In the previous issue of PNAS, Rich et al. (1) provide dynamic evidence that cAMP is produced in a restricted microdomain near the surface membrane of human embryo kidney cells transformed with adenovirus containing cyclic nucleotide-gated (CNG) channels. When activated by cAMP, the channels conduct Ca2+ into the cell, thereby offering an on-line assay for the cyclic nucleotide through Ca2+ imaging. When the cells were stimulated with prostaglandin E1, the Ca2+ signal increased abruptly, then rapidly fell back to baseline. In contrast, total cAMP (assayed biochemically in the cells prelabeled with [3H]adenine) rose rapidly to a plateau and then remained elevated for some time. The rapidly declining cAMP measured by Ca2+ influx through CNG channels was taken to be “membrane localized”, whereas the radiolabeled cAMP represents the “total cellular” pool. These two pools are present within distinct compartments that are separated by diffusion barriers. Although subcellular compartmentalization of cAMP action was recognized at least 20 years ago (2), only recently has there been direct evidence for the idea that cAMP can act in special cellular domains rather than uniformly and everywhere (for recent general reviews, see refs. 3–5). An understanding of the molecular basis of compartmentalization should be achievable because of the extensive information now available concerning the molecular components of cAMP signaling pathways.
Only recently has there been direct evidence for the idea that cAMP can act in special cellular domains rather than uniformly and everywhere.
Techniques for Assaying cAMP
A major technical difficulty had been the lack of a suitable method for measuring cAMP at the subcellular level. Conventional immunological and radiochemical assays are not adequate for examining the regional flux and distribution of cAMP. In addition, only tentative results were obtained by using fluorescence–resonance energy transfer. This imaginative technique involves the microinjection of the cAMP-dependent protein kinase (PKA) subunits labeled with both fluorescein and rhodamine, and then observing, by confocal fluorescence microscopy, the loss of energy when cAMP causes the subunits to dissociate. Because relatively large amounts of fluorescently labeled PKA must be injected, the fluorescence–resonance energy transfer method has been used primarily with large invertebrate neurons [the marine mollusk Aplysia (6) and the spiny lobster, Palinuris (7)].

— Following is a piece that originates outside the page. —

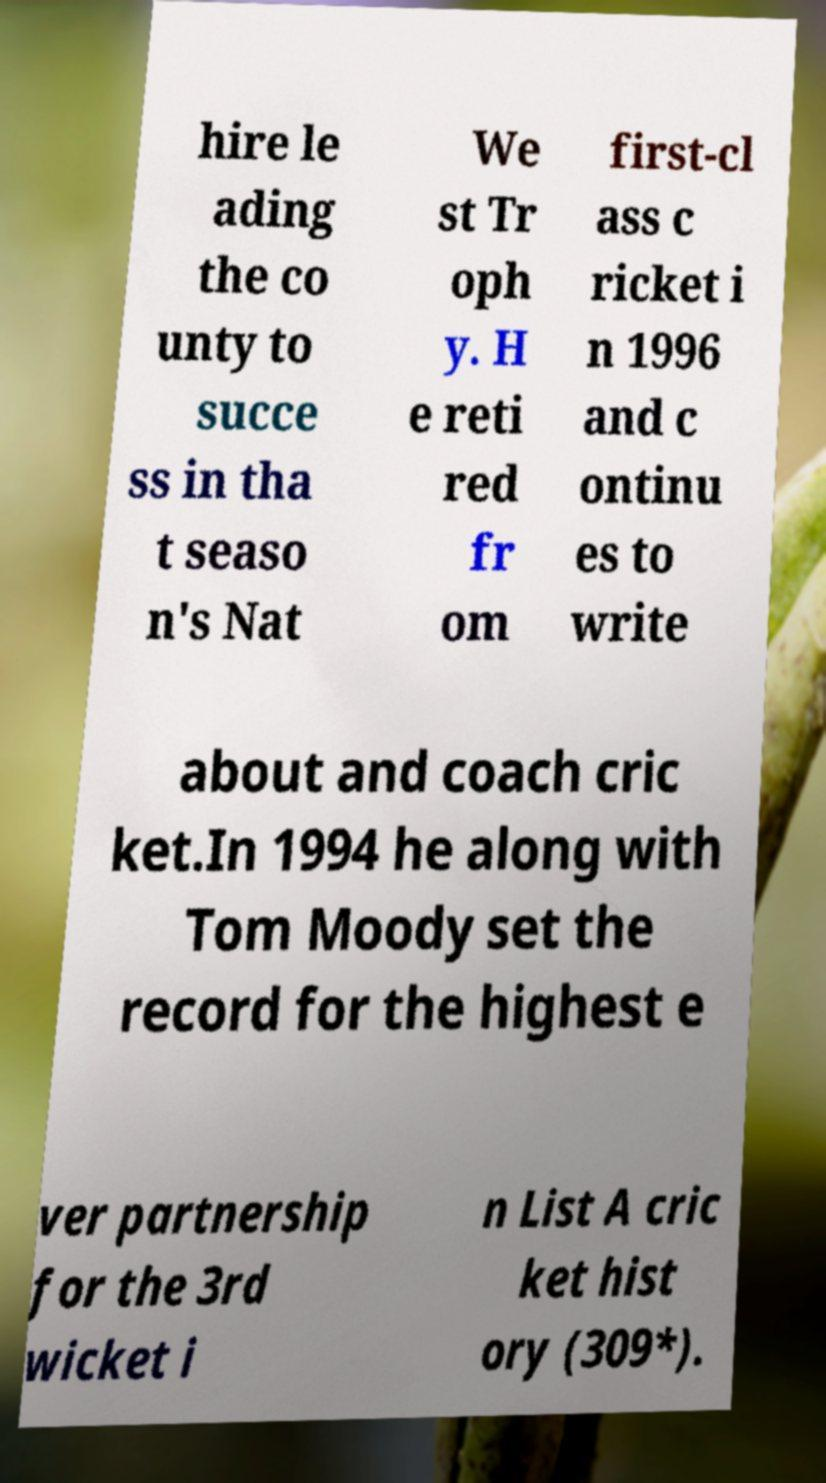Please read and relay the text visible in this image. What does it say? hire le ading the co unty to succe ss in tha t seaso n's Nat We st Tr oph y. H e reti red fr om first-cl ass c ricket i n 1996 and c ontinu es to write about and coach cric ket.In 1994 he along with Tom Moody set the record for the highest e ver partnership for the 3rd wicket i n List A cric ket hist ory (309*).

The use of CNG channels as sensors has the distinct advantage of detecting cAMP associated with the plasma membrane. CNG channels are nonselective cation channels made up of four subunits, each with a six-transmembrane segment related to voltage-gated K+ channels (8, 9). Typically, they are sensitive to both cGMP and cAMP and are regulated by Ca2+/calmodulin. The cyclic nucleotides bind to sites that are homologous to the two cAMP-binding sites present in each regulatory (R) subunit of PKA. Because this site is situated at the cytoplasmic surface of the cell's plasma membrane, this technique detects the cAMP produced in submembrane microdomains. The use of CNG channels as sensors was inspired by Richard H. Kramer, now at University of California, Berkeley (10, 11), who “crammed” patch pipettes containing inside-out membrane patches with CNG channels into neuroblastoma cells, thus bringing the exogenous cyclic nucleotide-binding sites into contact with the cytoplasm for microassay. There are only a few examples in which endogenous CNG channels have been used to monitor the production of cyclic nucleotides: neurons of the gastropod mollusk, Pleurobranchia californica (12), and rat olfactory receptors (13). The utility of the endogenous channels is obviously limited, however, to the particular cells that happen to be endowed with the CNG channels naturally.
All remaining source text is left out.